Poland To Hold Missile Base?
The United States is holding talks with Poland about establishing a military base there to shoot down long-range missiles fired from the Middle East or Africa that could threaten Europe, the Pentagon said on Thursday.
The possible future base in Poland, which would begin operating no earlier than 2010, would be part of a broader missile-defense system being developed by the United States and would become the first installation in the network outside American territory, U.S. officials said.
Defense officials did not mention any specific countries in the Middle East or Africa as threats to fire long-range missiles at Europe and emphasized that no immediate decision was expected in the talks with Poland.
"The discussions are in the conceptual stage," said Air Force Lt. Col. Tracy O'Grady-Walsh, a Pentagon spokeswoman.
Officials offered no estimate of the cost of establishing the base and did not mention sites in Poland being considered.

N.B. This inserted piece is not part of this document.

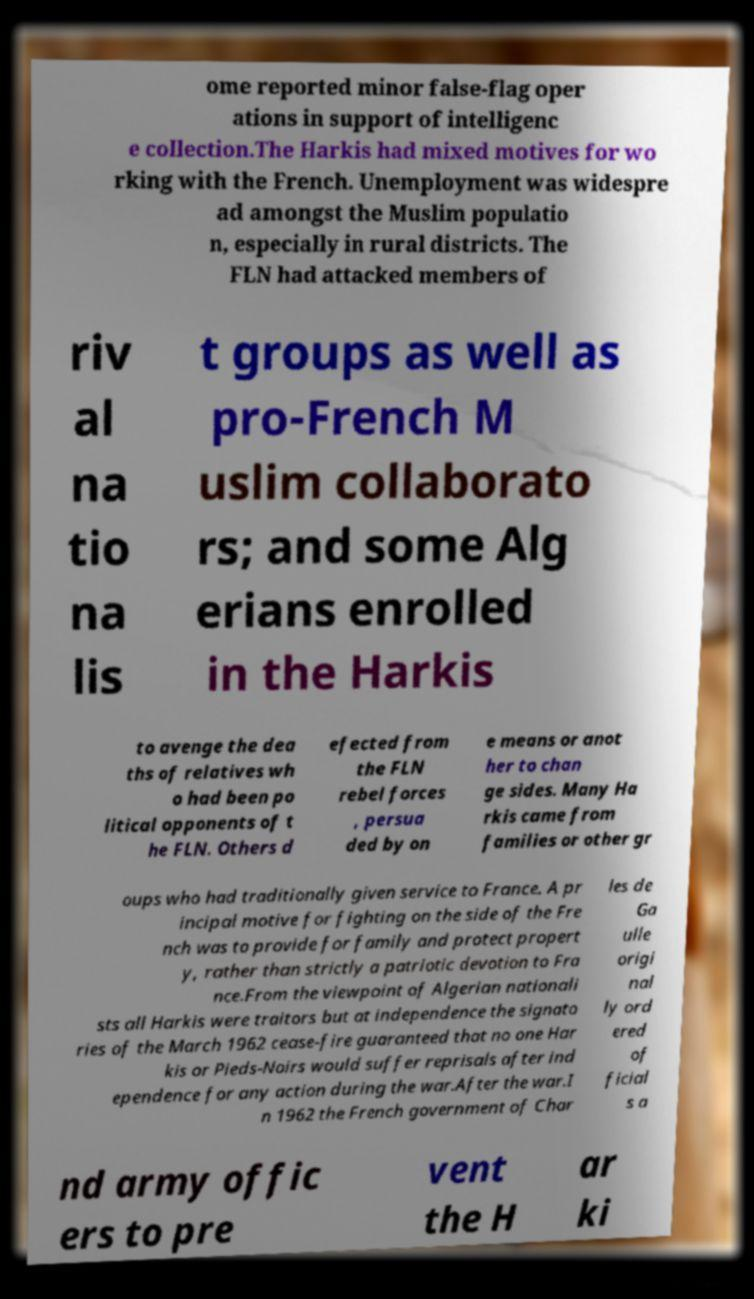I need the written content from this picture converted into text. Can you do that? ome reported minor false-flag oper ations in support of intelligenc e collection.The Harkis had mixed motives for wo rking with the French. Unemployment was widespre ad amongst the Muslim populatio n, especially in rural districts. The FLN had attacked members of riv al na tio na lis t groups as well as pro-French M uslim collaborato rs; and some Alg erians enrolled in the Harkis to avenge the dea ths of relatives wh o had been po litical opponents of t he FLN. Others d efected from the FLN rebel forces , persua ded by on e means or anot her to chan ge sides. Many Ha rkis came from families or other gr oups who had traditionally given service to France. A pr incipal motive for fighting on the side of the Fre nch was to provide for family and protect propert y, rather than strictly a patriotic devotion to Fra nce.From the viewpoint of Algerian nationali sts all Harkis were traitors but at independence the signato ries of the March 1962 cease-fire guaranteed that no one Har kis or Pieds-Noirs would suffer reprisals after ind ependence for any action during the war.After the war.I n 1962 the French government of Char les de Ga ulle origi nal ly ord ered of ficial s a nd army offic ers to pre vent the H ar ki 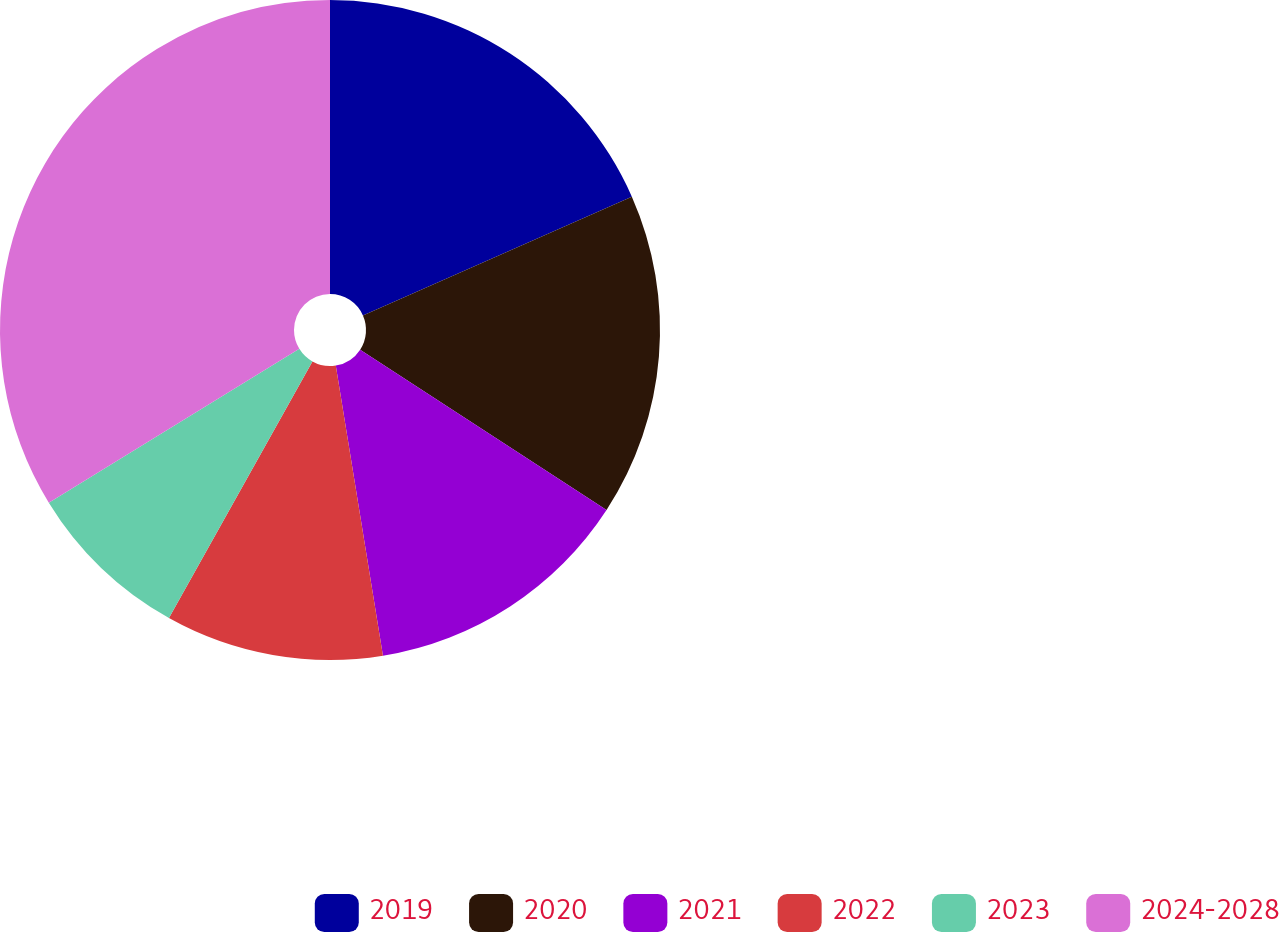Convert chart. <chart><loc_0><loc_0><loc_500><loc_500><pie_chart><fcel>2019<fcel>2020<fcel>2021<fcel>2022<fcel>2023<fcel>2024-2028<nl><fcel>18.38%<fcel>15.81%<fcel>13.25%<fcel>10.68%<fcel>8.12%<fcel>33.77%<nl></chart>

Polish Prime Minister Kazimierz Marcinkiewicz, whose conservatives won September's general election, said on Monday his government was considering hosting U.S. missile-defense sites.

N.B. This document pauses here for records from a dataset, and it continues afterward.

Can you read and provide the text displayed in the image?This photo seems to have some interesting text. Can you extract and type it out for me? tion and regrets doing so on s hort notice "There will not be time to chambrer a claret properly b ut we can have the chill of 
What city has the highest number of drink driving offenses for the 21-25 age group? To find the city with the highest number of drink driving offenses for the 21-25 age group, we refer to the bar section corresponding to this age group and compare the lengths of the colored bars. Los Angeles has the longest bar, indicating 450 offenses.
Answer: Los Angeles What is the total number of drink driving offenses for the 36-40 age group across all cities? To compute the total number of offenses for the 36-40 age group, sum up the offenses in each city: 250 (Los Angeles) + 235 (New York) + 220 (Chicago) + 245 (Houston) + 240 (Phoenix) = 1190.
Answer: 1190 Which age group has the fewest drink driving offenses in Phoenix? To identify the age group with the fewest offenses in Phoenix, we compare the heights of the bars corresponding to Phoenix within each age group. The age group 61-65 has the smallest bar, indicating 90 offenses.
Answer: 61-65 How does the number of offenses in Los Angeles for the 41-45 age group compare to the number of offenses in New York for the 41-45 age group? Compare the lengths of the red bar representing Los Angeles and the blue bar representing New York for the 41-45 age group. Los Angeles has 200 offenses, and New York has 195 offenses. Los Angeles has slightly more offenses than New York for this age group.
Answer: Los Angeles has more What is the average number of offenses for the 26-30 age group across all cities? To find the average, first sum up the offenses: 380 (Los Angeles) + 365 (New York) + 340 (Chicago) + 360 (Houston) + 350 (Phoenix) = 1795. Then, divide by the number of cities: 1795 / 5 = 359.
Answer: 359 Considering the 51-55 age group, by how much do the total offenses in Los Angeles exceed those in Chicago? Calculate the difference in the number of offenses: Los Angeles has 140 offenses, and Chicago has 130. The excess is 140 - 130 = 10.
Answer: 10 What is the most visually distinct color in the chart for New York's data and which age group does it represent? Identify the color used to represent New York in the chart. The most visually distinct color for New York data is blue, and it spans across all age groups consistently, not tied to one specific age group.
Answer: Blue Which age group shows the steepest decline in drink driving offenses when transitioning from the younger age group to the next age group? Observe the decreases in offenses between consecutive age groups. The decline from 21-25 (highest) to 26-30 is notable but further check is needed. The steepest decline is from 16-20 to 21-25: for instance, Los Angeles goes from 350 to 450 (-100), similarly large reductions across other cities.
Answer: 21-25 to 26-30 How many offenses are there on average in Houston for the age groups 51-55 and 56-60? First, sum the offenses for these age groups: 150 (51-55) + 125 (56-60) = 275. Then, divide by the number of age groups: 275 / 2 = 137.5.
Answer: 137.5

Marcinkiewicz considers the United States the guarantor of security for Poland and wants his country, a NATO and European Union member, to continue close defense ties with Washington.
"We have been in broad discussions with our NATO allies for three to four years encouraging the alliance to expand its consensus on missile defense to address the full range of missile threats to forces, territory and population centers," O'Grady-Walsh added.

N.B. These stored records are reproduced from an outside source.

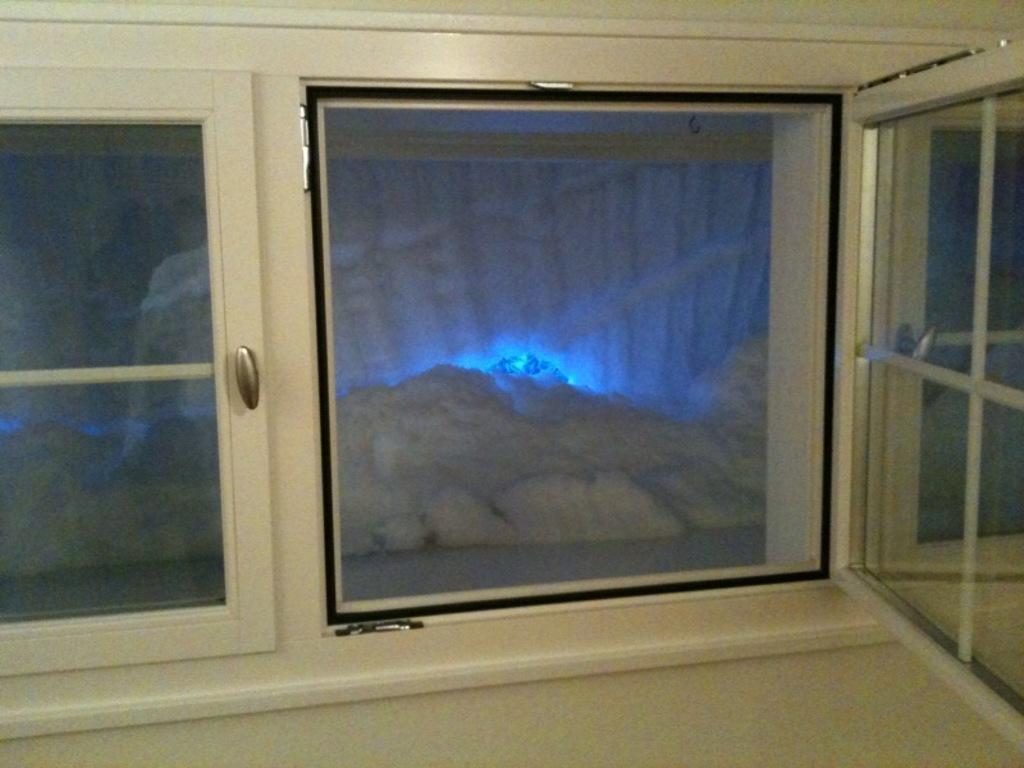Please provide a concise description of this image. In this picture we can see the floor, beside this floor we can see a window and doors. 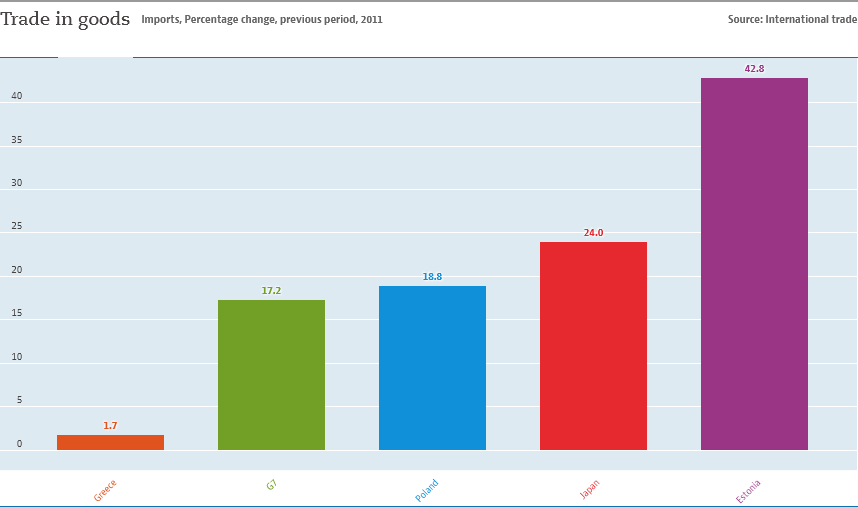Mention a couple of crucial points in this snapshot. The sum of all the bars above 20 is 66.8. The value of the green bar is 17.2. 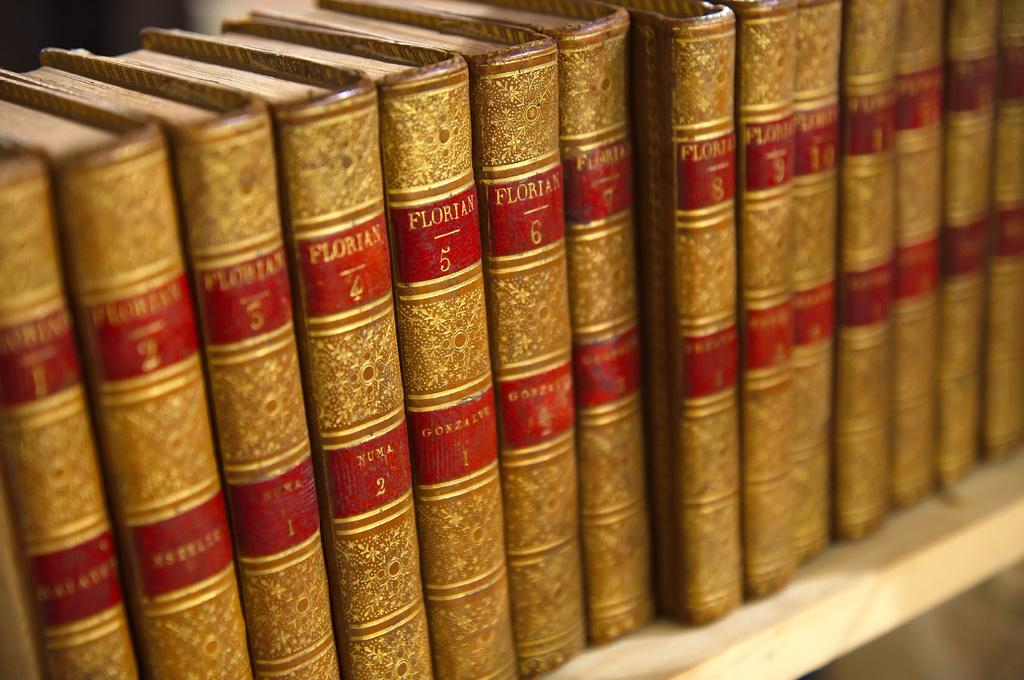Provide a one-sentence caption for the provided image. books that say 'floritan' with a number on the side of them.

The multibillion-dollar U.S. missile defense system now being developed by the United States is based on the concept of using one missile, an interceptor, to shoot down another missile, fired by an enemy, before it can reach its target.
Creation of a missile defense system has been a goal of many U.S. conservatives dating back to a space-based plan developed under President Ronald Reagan two decades ago. The Pentagon failed to meet its goal of declaring a missile defense system operational in 2004, and critics argued that failures in testing the costly system show it simply does not work.
WELL SITUATED
There are no U.S. military bases in Poland or elsewhere in the former Soviet bloc countries of eastern Europe, but the United States has talked with Romania and Bulgaria about access to bases for U.S. troops as part of an American realignment of forces worldwide.
Officials said Poland, in eastern Europe, is geographically well placed as a location for a base from which interceptors can be fired at missiles heading toward the continent, but said it is possible other sites in Europe could be mulled.
The possible base in Poland would be used to defend against missile threats from the Middle East and Africa, officials said, and would not be designed to defend against potential attacks from Asia.
The Pentagon already has installed interceptor missiles in silos at Fort Greely in Alaska and Vandenberg Air Force Base in California, but has not declared the system operational.
At the same time the United States consults at NATO and with allies on defending against long-range missile threats, the Pentagon said, the alliance is developing a program to address threats from shorter-range missiles as well. Spain and Italy could be candidates for hosting parts of a system to guard against shorter-range missiles, officials said.